1. wife happy - check
2. kids happy - check
3. work steady - check
4. live in the greatest country in the world - check
5. worry about MD colleagues marginalizing myself and my brethren - deez nuts.
 
4. live in the greatest country in the world - check

kip-dynamite-costume.jpg


Big Hoss
 
He’s trying to argue that you have more difficulty getting hospital privileges with a single degree.

Even though DDSs/DMDs built the OMS hospital model, and continue to work in that role in countless hospitals across the country.


When it comes to credentialing, the committee will likely scrutinize you alittle more if you are requesting "broad " scope procedures and you are a single degree...THis will always be the case - only now, residency training provides people with a respectable case log to obtain the desired procedures.. - although there are still alot of residency programs that do not offer much in experience if you are looking for "broad scope"

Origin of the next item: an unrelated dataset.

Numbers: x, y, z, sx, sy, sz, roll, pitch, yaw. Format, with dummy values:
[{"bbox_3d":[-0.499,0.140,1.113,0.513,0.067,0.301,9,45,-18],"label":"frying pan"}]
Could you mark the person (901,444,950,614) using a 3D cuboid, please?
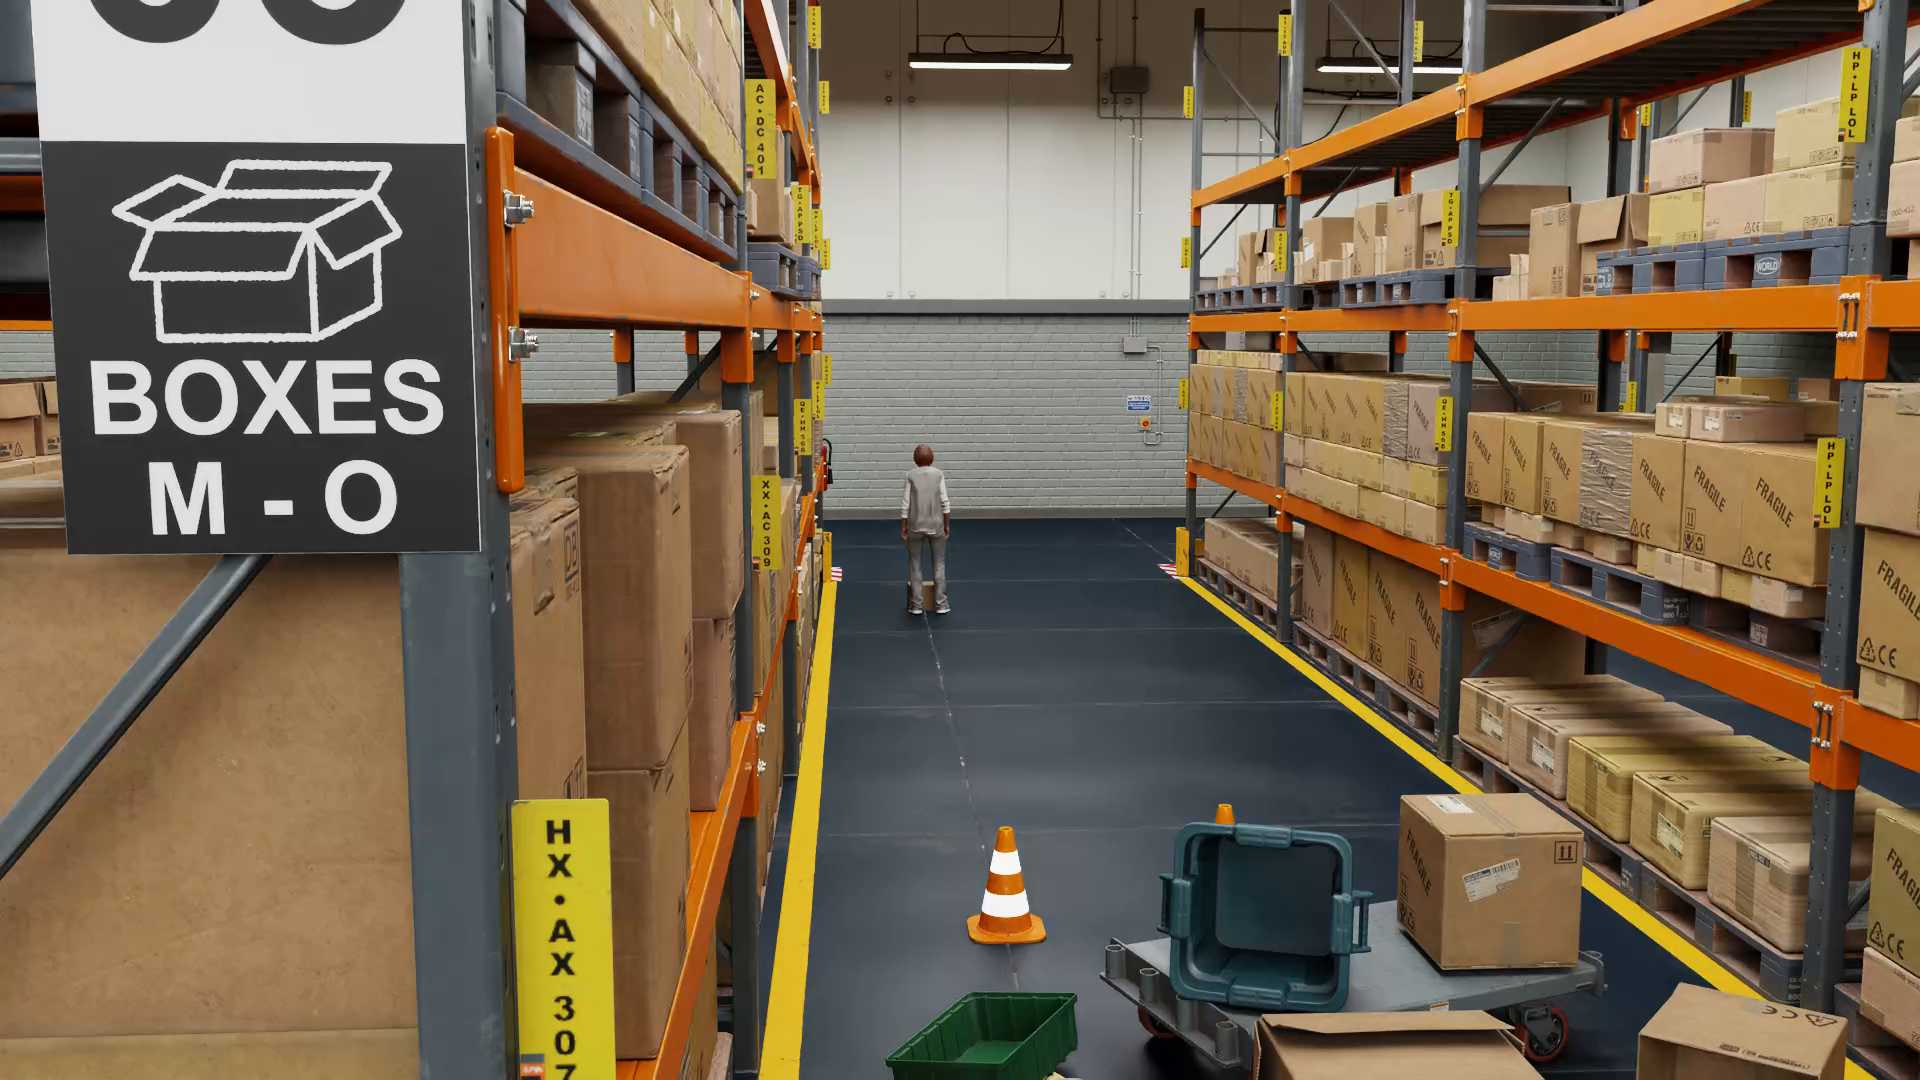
[{"bbox_3d":[-0.319,-0.099,15.601,0.460,1.594,0.343,-1,7,-4],"label":"person"}]

Ultimately, if you are joe dentist, walking into an established medical center asking to do a rhinoplasty - dick the doctor will likely put you under a may try to block you citing that you are a dentist. if you are joe the dentist doctor , likely they will fling some dumb joke at you and still look at your case log, but feel more obligated to give you the privileges to do your ****.

Again, - for bread and butter OMS stuff - single vs dual doesn't matter
for playing the academic hospital game - politics - opportunities - the dual degree is the easier way to go.

Obviously, much respect to the single degree guy or girl who becomes a superstar and establishes themselves - but nowadays - new generation oms fellow**** trained people are dual degree goin off and establishing something.

again these are my 2 cents, and what i've observed thru out the 15 years in this profession.
 
Many MDs do not see you as their equivalent regardless. There will always be those who say that taking the 6 year track is a shortcut to the MD since many programs will grant the degree after around 24 months. Lots of physicians still view OMS’s as dentists first and foremost unfortunately. Also, some of the most prominent academicians are single degree holders: Drs. Dodson, Troulis, Le to name a few.


Yes, i agree. MD's in general do not see each other as equivalent - there will always be inequality within the profession - however, in the absolute sense, if you are a licensed MD, as they are, you still live on the same planet. If you are a DDS only, and visiting planet MD - sure they may make you feel comfortable, and give you a nice place to stay, even have you over for dinner. But you are still a guest who lives by rules defined by planet DDS, and in Planet DDS - they really don't know what the f you do..

I'd say aside from dentoalveolar - everything else OMS do - are more aligned with how things are run in Medicine - in terms of patient care, surgery.
 
Many MDs do not see you as their equivalent regardless. There will always be those who say that taking the 6 year track is a shortcut to the MD since many programs will grant the degree after around 24 months. Lots of physicians still view OMS’s as dentists first and foremost unfortunately. Also, some of the most prominent academicians are single degree holders: Drs. Dodson, Troulis, Le to name a few.


OH and regarding prominent academicians - that is relative.
 
o.

but nowadays - new generation oms fellow**** trained people are dual degree goin off and establishing something.

again these are my 2 cents, and what i've observed thru out the 15 years in this profession.

What are these things? Are you referring to fellowship programs?